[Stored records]

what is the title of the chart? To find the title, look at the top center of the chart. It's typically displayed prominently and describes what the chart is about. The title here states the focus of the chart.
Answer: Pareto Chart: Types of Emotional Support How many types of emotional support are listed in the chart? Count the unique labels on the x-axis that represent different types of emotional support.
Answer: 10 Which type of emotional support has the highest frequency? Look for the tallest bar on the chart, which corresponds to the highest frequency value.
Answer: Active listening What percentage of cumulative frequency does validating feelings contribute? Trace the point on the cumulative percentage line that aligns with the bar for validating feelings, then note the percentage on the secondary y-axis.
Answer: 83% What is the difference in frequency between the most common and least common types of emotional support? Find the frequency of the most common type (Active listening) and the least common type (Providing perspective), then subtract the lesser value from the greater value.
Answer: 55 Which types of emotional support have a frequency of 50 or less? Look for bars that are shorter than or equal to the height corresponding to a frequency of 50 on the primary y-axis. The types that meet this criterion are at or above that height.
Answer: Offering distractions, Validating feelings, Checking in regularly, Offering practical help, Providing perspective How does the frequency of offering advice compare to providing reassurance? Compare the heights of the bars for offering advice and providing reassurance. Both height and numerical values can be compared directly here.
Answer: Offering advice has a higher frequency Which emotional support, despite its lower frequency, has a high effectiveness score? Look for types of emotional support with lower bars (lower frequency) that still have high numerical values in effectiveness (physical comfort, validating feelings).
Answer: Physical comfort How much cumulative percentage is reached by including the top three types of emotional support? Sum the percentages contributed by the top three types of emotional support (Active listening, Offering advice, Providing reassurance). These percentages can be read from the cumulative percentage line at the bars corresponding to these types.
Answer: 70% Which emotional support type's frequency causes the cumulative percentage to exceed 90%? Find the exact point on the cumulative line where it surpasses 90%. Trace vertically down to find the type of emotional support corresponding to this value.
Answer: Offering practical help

» INSTRUCTIONS FOR THE TASK:
Beginning with the opening line above, retype the records exactly through the line with "Answer: 55 Which", both ends included.

» EXERCISE OUTPUT:
what is the title of the chart? To find the title, look at the top center of the chart. It's typically displayed prominently and describes what the chart is about. The title here states the focus of the chart.
Answer: Pareto Chart: Types of Emotional Support How many types of emotional support are listed in the chart? Count the unique labels on the x-axis that represent different types of emotional support.
Answer: 10 Which type of emotional support has the highest frequency? Look for the tallest bar on the chart, which corresponds to the highest frequency value.
Answer: Active listening What percentage of cumulative frequency does validating feelings contribute? Trace the point on the cumulative percentage line that aligns with the bar for validating feelings, then note the percentage on the secondary y-axis.
Answer: 83% What is the difference in frequency between the most common and least common types of emotional support? Find the frequency of the most common type (Active listening) and the least common type (Providing perspective), then subtract the lesser value from the greater value.
Answer: 55 Which types of emotional support have a frequency of 50 or less? Look for bars that are shorter than or equal to the height corresponding to a frequency of 50 on the primary y-axis. The types that meet this criterion are at or above that height.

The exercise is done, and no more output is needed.